Republic of Cuba

Capital: Havana

Area: 110,860 sq. km /42,803 sq. miles

Population: 10,960,000

Population density per sq. km/sq. mile: 99/256

Ethnic composition

The majority of the population is of mixed Spanish-African or Spanish-Indian descent. About a third are Europeans, one tenth are Africans.

Religion

All religions are allowed, but there is not one officially recognized. About 40% of the population are Catholics.

History

After being under Spanish rule since the XVI century. in 1898, Cuba went to the United States at the end of the Spanish-American War. This caused anti-colonial uprisings from 1868 to 1878 and from 1895 to 1898. Cuba became independent in 1902, but the United States retained its naval bases and the right to interfere in internal affairs until 1934. In 1933, Army Sergeant Fulgencio Batista (1901-1973) seized power and held Sedo 1944, when he left resign. However , in 1952 he seized power again in a bloodless coup, and began a period of rule that many of his compatriots call tyrannical.

The following year, a young lawyer and the son of a sugar planter, Dr. Fidel Castro Rus (born in 1927), tried to overthrow this regime, but the attempt failed. Castro went underground to prepare another attempt, returned in 1956, but was defeated again. He found refuge in the mountains with a native of Argentina, Dr. Ernesto (Che) Guevara (1928-1967) and ten accomplices and created a guerrilla unit to fight the corrupt regime of Batista.

In 1959, Castro’s squad finally succeeded, and Batista was removed, to the great joy of the population, and expelled from the country to the Dominican Republic. The 1940 Constitution was immediately repealed and replaced with the Basic Law, with all power transferred to the Council of Ministers, headed by Castro as Prime Minister and his brother Raul as his deputy. Che Guevara, who helped overthrow Batista, became the third figure in the state for Castro.

The following year, all US commercial structures in Cuba were nationalized without any compensation, which provoked the US to break off diplomatic relations. In 1961, they went even further, organizing a large-scale but unsuccessful invasion in April. In December of the same year, Castro announced that Cuba was now a communist state and would follow the Marxist-Leninist program of economic development, entailing radical land reform, nationalization of industry and investment in education and health care.

In 1961, Cuba was ousted from the Organization of American States (OAS), which was originally established as a regional agency of the United Nations, but came under the increasing influence of the United States. In 1961 – 1963, the administration of John F. Kennedy (1917-1963) in Washington initiated a complete political and economic blockade. In response

Castro went for closer relations with the Soviet Union, which in the same year provided missiles with atomic warheads for installation on Cuban territory. The crisis was overcome when, at the insistence of the American president, the missiles were dismantled. In 1965, under the pretext of fighting in other parts of the world, Che Guevara left Cuba.

From 1965 to 1972, with the help of the Soviet Union, Cuba created a strong economy and achieved social progress. However, many Cubans, deprived of their political rights, went abroad, especially to the USA, to Florida. In 1972, Cuba became a full member of the Council for Mutual Economic Assistance (COMECON), a Moscow-based organization linking communist states. Cuba became an exporter of sugar and received food, various equipment and oil in return, and by the 1980s 85% of its trade relations were with COMECON members. In 1976 The referendum approved a new socialist constitution, and Fidel Castro and his brother were elected president and vice president. The next five years showed that Cuba was playing an increasingly serious political role in world affairs, especially in Africa, which greatly worried the United States.

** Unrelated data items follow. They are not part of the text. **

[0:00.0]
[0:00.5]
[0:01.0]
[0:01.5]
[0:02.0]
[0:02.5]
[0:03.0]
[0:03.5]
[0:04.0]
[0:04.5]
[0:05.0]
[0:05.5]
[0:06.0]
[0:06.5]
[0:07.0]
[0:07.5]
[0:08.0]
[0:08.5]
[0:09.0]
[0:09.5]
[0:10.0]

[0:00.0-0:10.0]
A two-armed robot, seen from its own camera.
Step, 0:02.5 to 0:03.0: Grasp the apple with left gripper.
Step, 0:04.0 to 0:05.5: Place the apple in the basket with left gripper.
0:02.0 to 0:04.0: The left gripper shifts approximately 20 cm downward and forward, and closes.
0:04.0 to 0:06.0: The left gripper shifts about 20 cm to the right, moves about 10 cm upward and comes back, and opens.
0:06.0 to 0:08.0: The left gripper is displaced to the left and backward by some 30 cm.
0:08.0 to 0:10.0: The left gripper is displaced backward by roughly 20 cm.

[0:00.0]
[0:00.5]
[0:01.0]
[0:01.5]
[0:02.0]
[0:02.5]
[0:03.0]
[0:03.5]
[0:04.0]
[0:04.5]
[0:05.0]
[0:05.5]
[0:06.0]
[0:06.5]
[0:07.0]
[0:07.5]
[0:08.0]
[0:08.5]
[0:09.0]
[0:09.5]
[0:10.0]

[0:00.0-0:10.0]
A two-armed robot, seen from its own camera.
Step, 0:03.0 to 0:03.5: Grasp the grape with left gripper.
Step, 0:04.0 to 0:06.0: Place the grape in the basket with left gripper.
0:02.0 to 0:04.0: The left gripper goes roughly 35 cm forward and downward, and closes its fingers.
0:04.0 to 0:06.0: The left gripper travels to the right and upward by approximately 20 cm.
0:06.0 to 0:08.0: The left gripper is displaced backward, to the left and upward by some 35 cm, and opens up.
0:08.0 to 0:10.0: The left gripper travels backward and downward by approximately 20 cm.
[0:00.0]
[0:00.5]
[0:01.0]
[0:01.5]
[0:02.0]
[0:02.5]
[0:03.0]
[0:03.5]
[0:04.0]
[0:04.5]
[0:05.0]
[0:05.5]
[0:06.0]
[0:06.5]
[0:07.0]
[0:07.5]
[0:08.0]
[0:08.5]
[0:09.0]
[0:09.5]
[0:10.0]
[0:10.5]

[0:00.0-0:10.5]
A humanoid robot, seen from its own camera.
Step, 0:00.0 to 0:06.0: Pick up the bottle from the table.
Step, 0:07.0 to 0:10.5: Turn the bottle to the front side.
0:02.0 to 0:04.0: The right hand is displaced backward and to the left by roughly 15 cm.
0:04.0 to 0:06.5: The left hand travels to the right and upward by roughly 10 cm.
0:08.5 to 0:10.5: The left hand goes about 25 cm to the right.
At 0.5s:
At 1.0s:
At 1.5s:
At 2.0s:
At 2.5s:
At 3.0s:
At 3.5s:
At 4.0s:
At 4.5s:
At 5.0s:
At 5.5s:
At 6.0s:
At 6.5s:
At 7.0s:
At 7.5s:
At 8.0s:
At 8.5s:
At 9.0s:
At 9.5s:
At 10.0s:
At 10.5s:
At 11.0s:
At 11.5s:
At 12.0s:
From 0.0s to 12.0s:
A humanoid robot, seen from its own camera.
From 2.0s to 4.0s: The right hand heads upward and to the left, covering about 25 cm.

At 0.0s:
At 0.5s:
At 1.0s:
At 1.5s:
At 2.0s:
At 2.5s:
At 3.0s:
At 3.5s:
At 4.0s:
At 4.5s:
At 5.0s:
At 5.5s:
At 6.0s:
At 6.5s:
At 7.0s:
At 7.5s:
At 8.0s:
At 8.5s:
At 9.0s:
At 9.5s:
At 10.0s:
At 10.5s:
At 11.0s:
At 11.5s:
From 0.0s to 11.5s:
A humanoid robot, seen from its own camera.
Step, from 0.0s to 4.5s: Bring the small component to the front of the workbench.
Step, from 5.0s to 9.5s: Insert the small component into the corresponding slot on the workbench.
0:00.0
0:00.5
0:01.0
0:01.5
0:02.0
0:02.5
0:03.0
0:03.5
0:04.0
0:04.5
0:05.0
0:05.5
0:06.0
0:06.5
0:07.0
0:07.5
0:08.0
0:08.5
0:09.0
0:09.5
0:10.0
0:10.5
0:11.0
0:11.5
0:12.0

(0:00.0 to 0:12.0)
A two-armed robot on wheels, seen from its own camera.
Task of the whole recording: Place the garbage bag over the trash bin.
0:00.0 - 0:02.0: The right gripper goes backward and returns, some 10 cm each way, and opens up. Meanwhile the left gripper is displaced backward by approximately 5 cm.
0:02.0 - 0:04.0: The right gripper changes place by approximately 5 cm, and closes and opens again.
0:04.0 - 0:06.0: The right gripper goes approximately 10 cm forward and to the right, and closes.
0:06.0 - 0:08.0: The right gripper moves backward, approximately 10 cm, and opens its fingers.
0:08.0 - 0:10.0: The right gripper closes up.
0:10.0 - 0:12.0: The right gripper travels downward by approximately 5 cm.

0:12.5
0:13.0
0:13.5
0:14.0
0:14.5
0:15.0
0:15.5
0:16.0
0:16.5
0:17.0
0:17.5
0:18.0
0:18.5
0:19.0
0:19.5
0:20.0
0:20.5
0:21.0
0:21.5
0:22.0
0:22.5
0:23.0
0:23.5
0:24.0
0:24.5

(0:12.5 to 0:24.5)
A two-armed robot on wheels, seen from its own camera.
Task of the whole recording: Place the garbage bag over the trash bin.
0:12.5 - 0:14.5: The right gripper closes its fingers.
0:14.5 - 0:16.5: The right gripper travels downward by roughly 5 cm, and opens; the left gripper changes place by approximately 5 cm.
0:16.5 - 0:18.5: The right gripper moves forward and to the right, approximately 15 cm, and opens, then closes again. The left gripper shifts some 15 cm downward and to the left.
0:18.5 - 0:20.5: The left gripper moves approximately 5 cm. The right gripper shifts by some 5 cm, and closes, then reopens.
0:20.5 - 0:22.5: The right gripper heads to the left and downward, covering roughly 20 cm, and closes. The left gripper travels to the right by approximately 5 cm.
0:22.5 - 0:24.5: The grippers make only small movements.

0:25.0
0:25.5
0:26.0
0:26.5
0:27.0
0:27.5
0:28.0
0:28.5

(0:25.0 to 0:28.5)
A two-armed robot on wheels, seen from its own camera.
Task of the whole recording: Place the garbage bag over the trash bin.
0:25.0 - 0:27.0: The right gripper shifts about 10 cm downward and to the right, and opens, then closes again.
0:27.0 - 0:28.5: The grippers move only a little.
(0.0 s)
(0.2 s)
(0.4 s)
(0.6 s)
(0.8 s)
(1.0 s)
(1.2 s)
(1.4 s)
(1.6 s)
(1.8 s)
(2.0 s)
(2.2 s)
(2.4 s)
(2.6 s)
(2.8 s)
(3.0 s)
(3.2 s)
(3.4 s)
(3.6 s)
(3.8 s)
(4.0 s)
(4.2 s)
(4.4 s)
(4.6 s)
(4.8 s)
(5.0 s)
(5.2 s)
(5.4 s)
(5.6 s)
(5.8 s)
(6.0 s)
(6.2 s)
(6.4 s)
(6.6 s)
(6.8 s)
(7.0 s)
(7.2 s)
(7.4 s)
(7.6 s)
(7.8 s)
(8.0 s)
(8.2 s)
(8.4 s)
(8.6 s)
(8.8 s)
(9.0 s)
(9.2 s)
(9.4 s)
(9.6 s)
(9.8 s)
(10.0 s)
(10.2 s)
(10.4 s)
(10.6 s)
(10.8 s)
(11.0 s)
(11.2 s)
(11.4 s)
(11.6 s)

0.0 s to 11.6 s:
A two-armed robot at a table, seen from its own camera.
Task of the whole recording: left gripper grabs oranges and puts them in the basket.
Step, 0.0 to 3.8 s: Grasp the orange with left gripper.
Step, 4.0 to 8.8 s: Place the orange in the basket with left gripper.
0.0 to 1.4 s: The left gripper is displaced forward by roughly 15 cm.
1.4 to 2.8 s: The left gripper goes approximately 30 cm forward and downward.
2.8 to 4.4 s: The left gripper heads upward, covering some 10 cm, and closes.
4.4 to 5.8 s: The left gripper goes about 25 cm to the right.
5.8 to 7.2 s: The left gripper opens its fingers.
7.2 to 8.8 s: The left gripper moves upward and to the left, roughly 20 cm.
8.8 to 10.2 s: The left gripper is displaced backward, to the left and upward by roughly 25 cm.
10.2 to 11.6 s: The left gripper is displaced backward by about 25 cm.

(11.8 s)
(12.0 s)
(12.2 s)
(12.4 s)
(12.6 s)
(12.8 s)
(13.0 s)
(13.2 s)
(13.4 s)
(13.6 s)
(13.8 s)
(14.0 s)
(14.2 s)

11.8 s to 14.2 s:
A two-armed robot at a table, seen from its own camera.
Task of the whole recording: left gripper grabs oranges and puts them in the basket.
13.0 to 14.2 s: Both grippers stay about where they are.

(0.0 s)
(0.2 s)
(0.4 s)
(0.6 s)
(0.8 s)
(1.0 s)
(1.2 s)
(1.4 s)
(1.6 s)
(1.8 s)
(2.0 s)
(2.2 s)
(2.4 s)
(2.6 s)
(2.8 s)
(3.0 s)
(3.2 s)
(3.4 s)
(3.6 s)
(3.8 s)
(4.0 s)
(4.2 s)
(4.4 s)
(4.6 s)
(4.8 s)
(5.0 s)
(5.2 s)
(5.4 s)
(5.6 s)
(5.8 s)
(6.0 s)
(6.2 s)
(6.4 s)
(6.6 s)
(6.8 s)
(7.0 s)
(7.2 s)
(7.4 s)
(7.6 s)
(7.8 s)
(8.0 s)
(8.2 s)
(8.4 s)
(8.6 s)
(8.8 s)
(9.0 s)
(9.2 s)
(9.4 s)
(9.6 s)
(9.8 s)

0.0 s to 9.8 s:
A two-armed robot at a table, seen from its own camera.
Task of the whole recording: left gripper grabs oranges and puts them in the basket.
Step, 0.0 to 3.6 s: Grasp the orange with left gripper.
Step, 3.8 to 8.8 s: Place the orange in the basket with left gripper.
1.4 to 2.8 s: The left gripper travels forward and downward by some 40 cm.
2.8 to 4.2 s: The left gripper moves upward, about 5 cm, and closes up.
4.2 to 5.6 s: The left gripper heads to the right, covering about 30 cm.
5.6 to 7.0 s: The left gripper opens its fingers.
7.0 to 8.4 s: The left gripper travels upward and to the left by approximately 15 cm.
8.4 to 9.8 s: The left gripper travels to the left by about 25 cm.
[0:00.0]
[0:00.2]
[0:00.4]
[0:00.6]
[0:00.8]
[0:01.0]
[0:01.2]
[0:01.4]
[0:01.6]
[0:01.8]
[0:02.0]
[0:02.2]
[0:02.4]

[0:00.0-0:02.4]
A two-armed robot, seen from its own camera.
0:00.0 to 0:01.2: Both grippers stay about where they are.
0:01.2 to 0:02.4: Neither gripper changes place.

In 1981, after being re-elected for the next term, Castro offered to discuss foreign economic problems with the US administration, but the proposal was not accepted. His support of Argentina against Britain during the Falklands conflict of 1982 cooled relations with the United States, but improved them with Latin American countries. The US invasion of Grenada in 1983 again worsened diplomatic relations. Since the mid-1980s, when the Soviet Union, led by the reformist leader Mikhail Gorbachev, reacted negatively to the Brezhnev doctrine of maintaining revolutions in the “third world” countries, Cuba has taken a more peaceful position in its international relations, including relations with the United States. In 1988, it signed a peace treaty with South Africa, involving the withdrawal of Cuban troops from Angola. As a further indication of Cuba’s return to international politics, in September 1988 it established formal relations with the European Community.